Nicotinamide was safe but did not alter AD biomarkers.
This study provides Class I evidence that in patients with MCI or mild dementia with positive CSF AD biomarkers, 48 weeks of nicotinamide, 3,000 mg daily, is no better than placebo in reducing CSF p-tau.
ClinicalTrials.gov: NCT03061474.
烟酰胺是一种参与细胞氧化还原反应的辅酶,可抑制Ⅲ类组蛋白去乙酰化酶(HDACs)或沉默调节蛋白。HDAC抑制可影响众多治疗途径,包括tau蛋白磷酸化。我们检验了烟酰胺治疗可降低早期阿尔茨海默病(AD)患者tau蛋白磷酸化的假设。
我们进行了一项随机、安慰剂对照的2a期概念验证试验,以评估每日两次服用1500mg烟酰胺治疗48周的安全性和耐受性。主要结局是脑脊液中苏氨酸231位点磷酸化tau蛋白(p-tau)水平。预先设定的次要结局是脑脊液中p-tau、总tau、淀粉样β40(Aβ40)和Aβ42水平,以及临床指标阿尔茨海默病评估量表(ADAS-cog13)、阿尔茨海默病协作研究-日常生活活动量表-轻度认知障碍(ADCS-ADL-MCI)和临床痴呆评定量表框总和(CDR-SB)。在2个学术临床中心招募参与者。纳入标准包括经脑脊液生物标志物确诊为轻度认知障碍或轻度痴呆的AD患者。采用霍尔姆-邦费罗尼方法控制生物标志物和临床领域内的Ⅰ型错误。

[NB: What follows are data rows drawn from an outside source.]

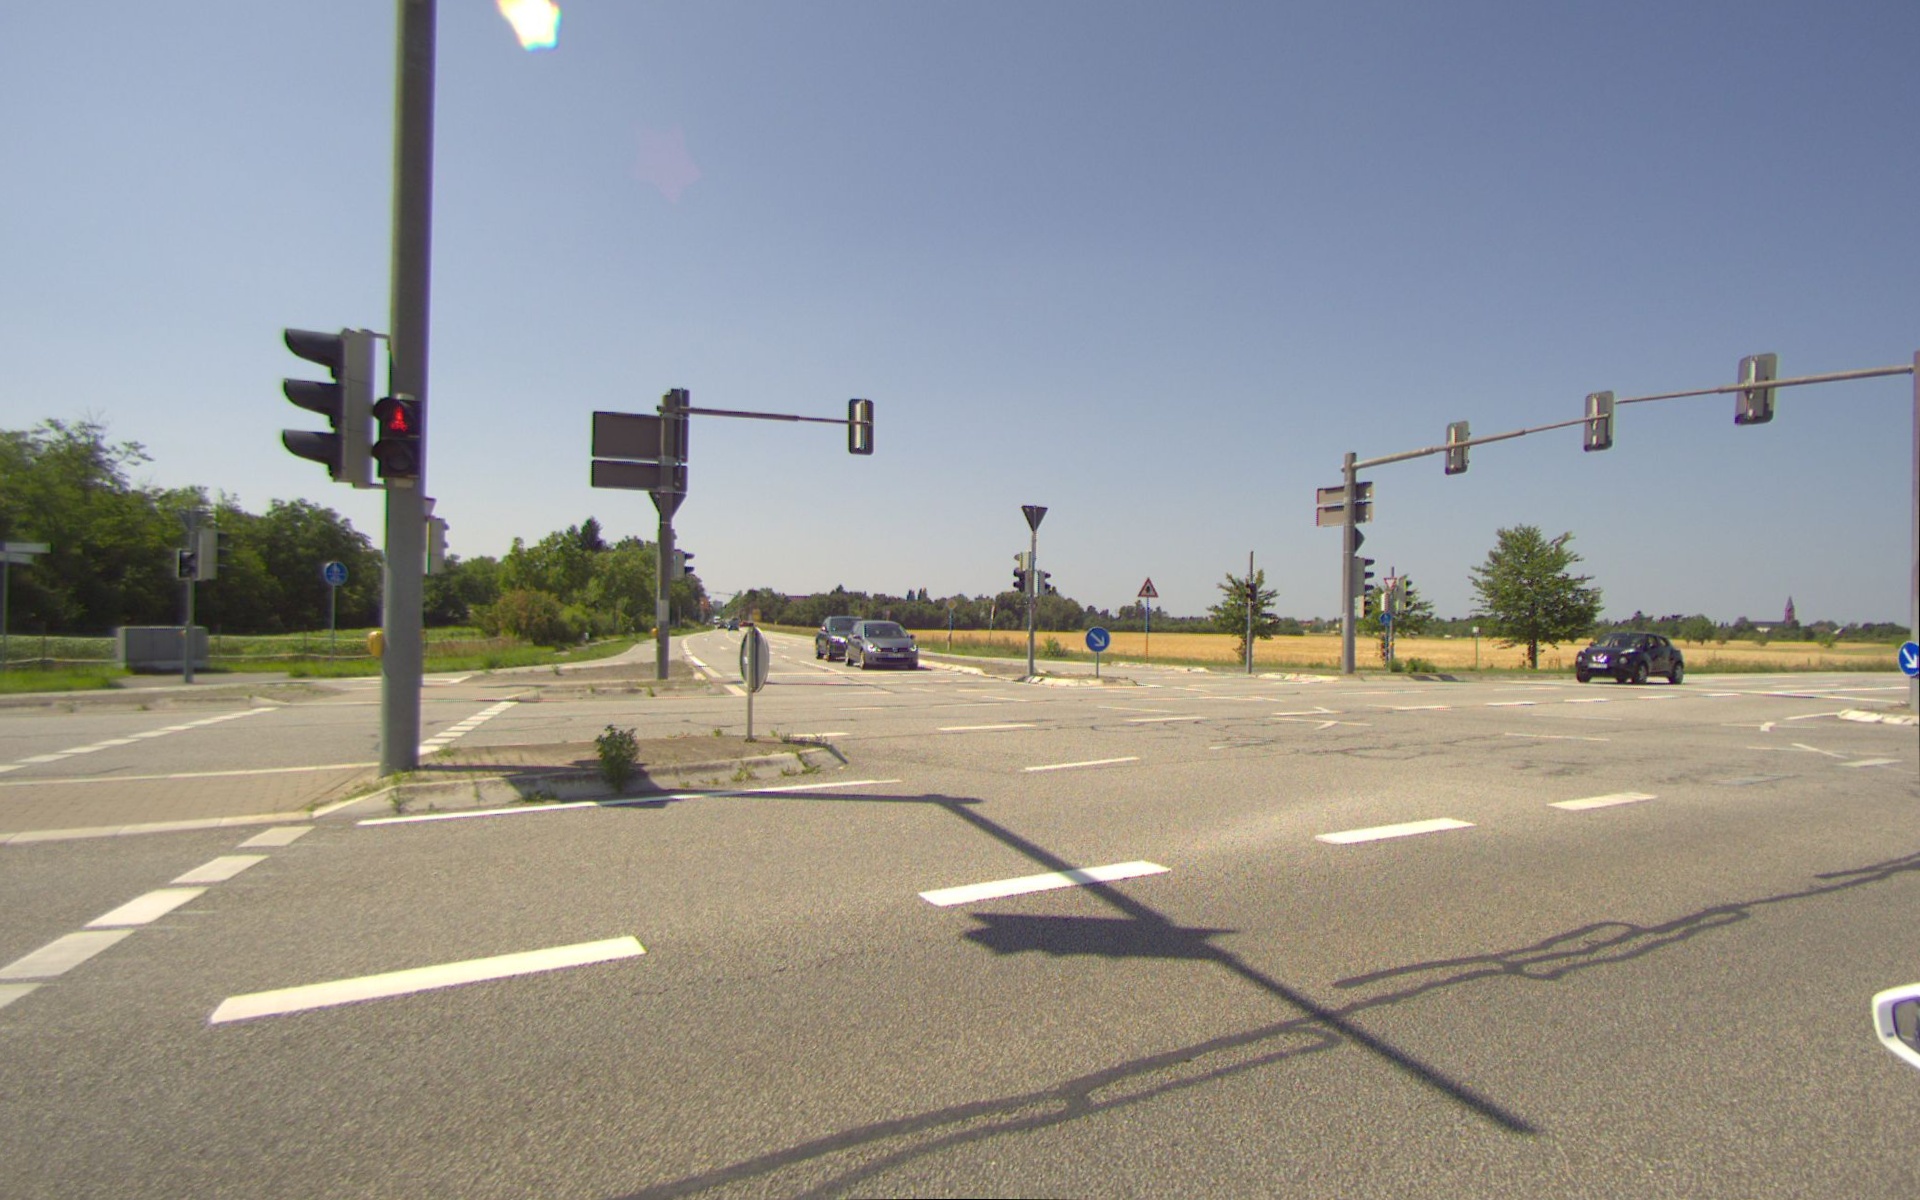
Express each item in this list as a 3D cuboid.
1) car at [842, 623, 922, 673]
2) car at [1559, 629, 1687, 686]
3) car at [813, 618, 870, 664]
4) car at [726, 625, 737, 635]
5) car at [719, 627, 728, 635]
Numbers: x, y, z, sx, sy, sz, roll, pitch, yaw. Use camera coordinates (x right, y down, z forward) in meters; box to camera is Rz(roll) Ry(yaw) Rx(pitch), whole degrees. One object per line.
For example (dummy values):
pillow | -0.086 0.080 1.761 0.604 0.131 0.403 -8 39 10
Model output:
car | -2.534 1.477 31.672 1.609 1.405 3.864 1 -1 -19
car | 20.406 1.755 30.866 4.261 1.621 1.819 3 -2 -34
car | -4.519 1.535 37.793 1.607 1.615 4.358 1 -2 -14
car | -33.744 4.456 148.425 1.474 1.405 3.765 1 -2 -14
car | -41.933 5.563 178.061 1.474 1.405 3.765 1 -2 -14
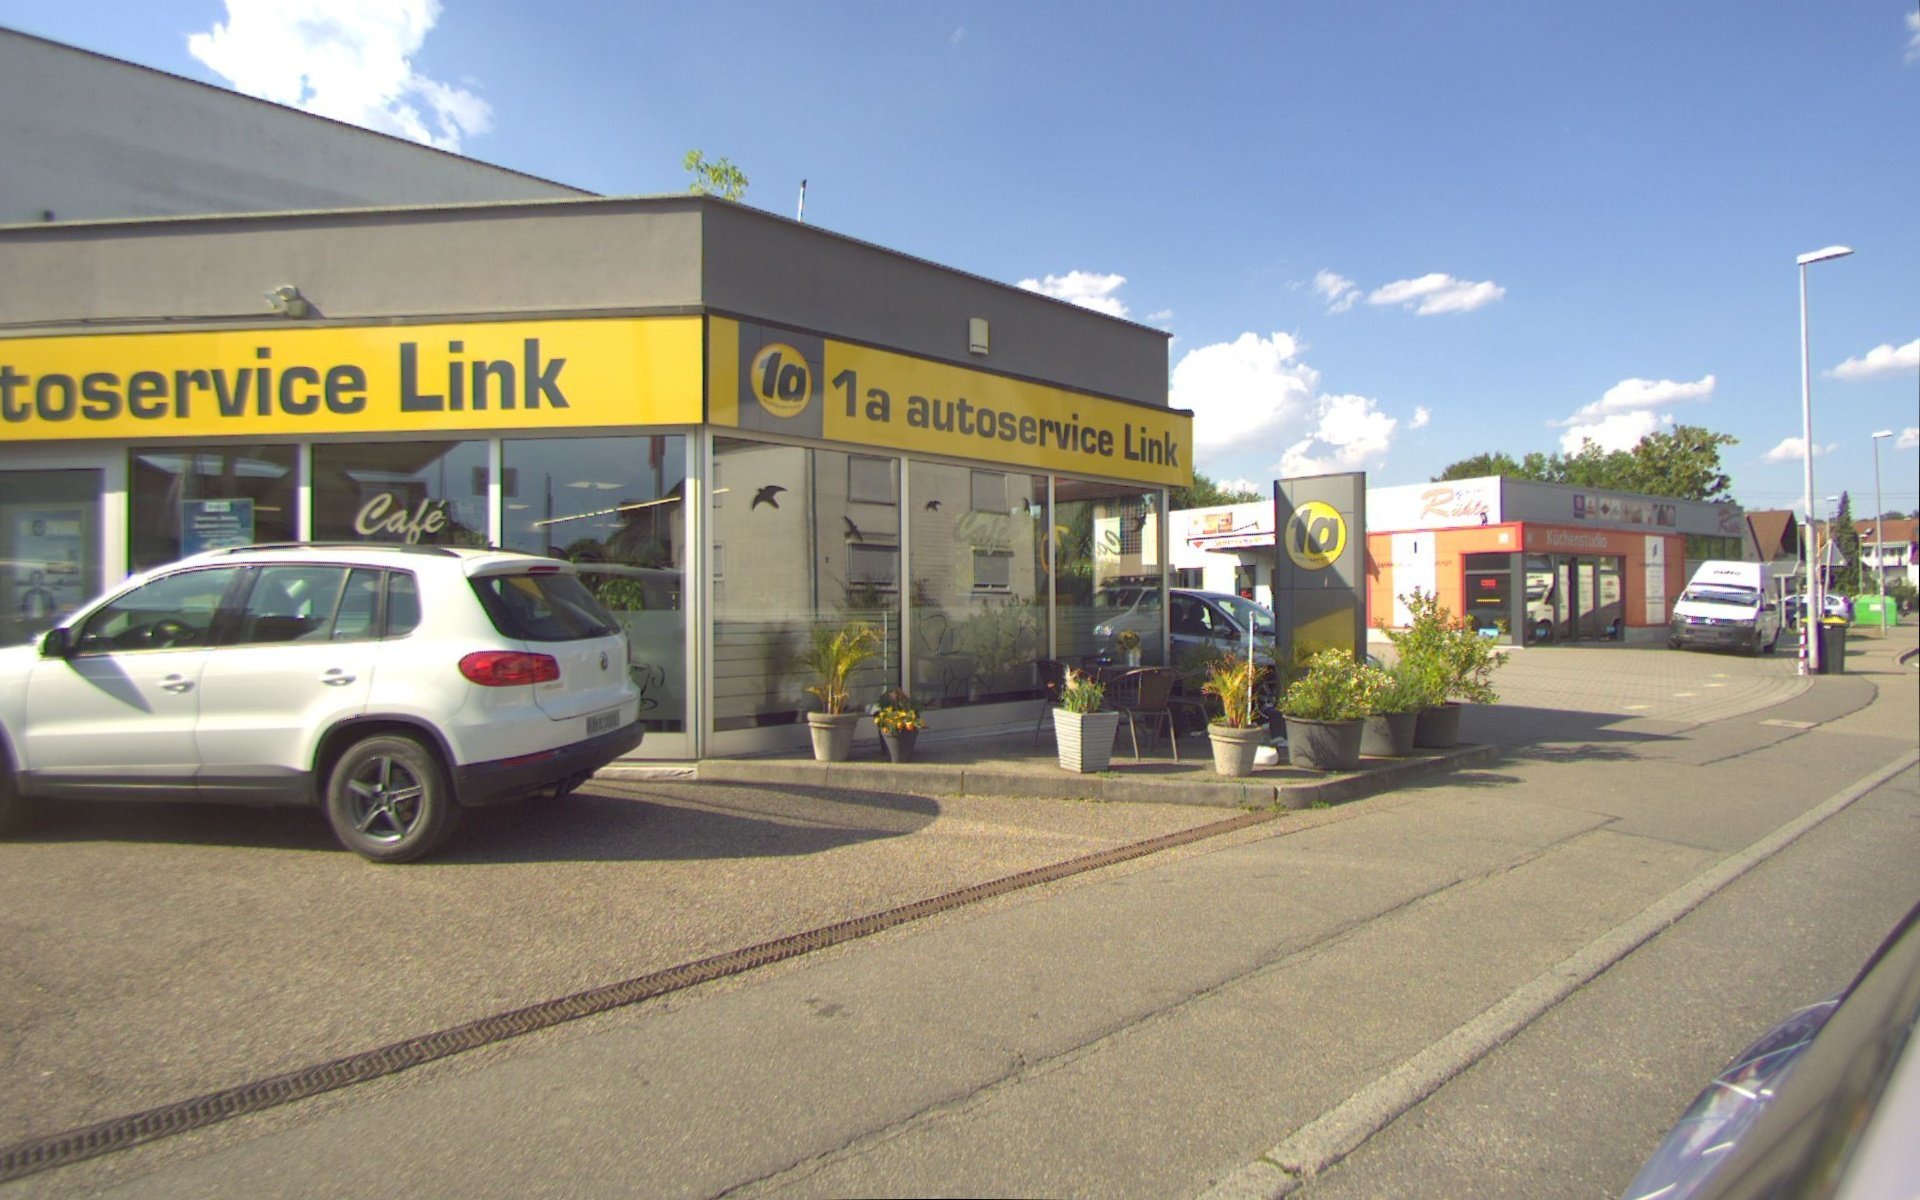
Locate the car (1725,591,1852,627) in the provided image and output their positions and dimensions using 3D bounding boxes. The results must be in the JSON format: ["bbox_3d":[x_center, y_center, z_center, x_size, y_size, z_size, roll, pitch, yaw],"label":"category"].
[{"bbox_3d":[36.341,0.350,44.468,1.596,1.434,4.075,-1,2,-38],"label":"car"}]

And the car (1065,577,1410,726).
[{"bbox_3d":[3.263,0.525,12.557,1.500,1.551,3.994,0,0,-40],"label":"car"}]

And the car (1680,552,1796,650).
[{"bbox_3d":[21.020,-0.033,27.258,1.837,2.404,5.095,2,2,45],"label":"car"}]

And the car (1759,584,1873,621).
[{"bbox_3d":[40.829,0.104,48.316,1.653,1.623,3.946,-2,1,-40],"label":"car"}]

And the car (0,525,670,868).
[{"bbox_3d":[-4.008,0.443,6.118,4.007,1.695,1.674,1,1,7],"label":"car"}]

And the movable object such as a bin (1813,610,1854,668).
[{"bbox_3d":[17.053,0.745,19.762,0.567,1.088,0.563,0,0,44],"label":"movable object such as a bin"}]

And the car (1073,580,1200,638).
[{"bbox_3d":[5.286,0.254,30.628,1.611,1.615,3.641,-2,1,-38],"label":"car"}]

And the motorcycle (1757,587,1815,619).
[{"bbox_3d":[35.096,0.109,43.020,1.817,1.341,0.633,1,1,32],"label":"motorcycle"}]

47名纳入研究的参与者(平均年龄=73.8岁;43%为女性)中,1名在治疗开始前退出,6名在治疗结束前退出,其中烟酰胺组2名,安慰剂组4名。各治疗组不良事件(AE)均衡,很少与治疗相关。常见AE包括感染和神经系统疾病。烟酰胺对脑脊液p-tau第48周相对于基线变化的主要结局无统计学显著益处(协方差分析;两组间变化的估计平均差异=-2.06,标准误=4.03;P=0.61),观察到烟酰胺组脑脊液p-tau的平均下降幅度(-4.7±14.5)大于安慰剂组(-2.3±10.6)。在类似模型中,未观察到治疗对次要生物标志物结局(脑脊液p-tau、Aβ40、Aβ42和总tau)有显著影响(所有P值>0.05),与安慰剂相比,观察到烟酰胺组脑脊液p-tau(0.4±29.8 vs 10.4±41.8)和总tau(8.4±228.6 vs 60.5±237.5)的平均变化更有利。在第48周,烟酰胺治疗的参与者在CDR-SB上的下降较少(重复测量混合效应模型;估计值=-1.42,标准误=0.65;未进行多重比较调整的P=0.03),在认知(ADAS-cog;估计值=-1.93,标准误=1.93;P=0.32)或功能(ADCS-ADL-MCI;估计值=-3.10,标准误=1.86;P=0.10)结局方面无显著差异。
烟酰胺安全,但未改变AD生物标志物。
本研究提供Ⅰ级证据,表明在脑脊液AD生物标志物阳性的MCI或轻度痴呆患者中,每日3000mg烟酰胺治疗48周在降低脑脊液p-tau方面并不优于安慰剂。
ClinicalTrials.gov:NCT03061474。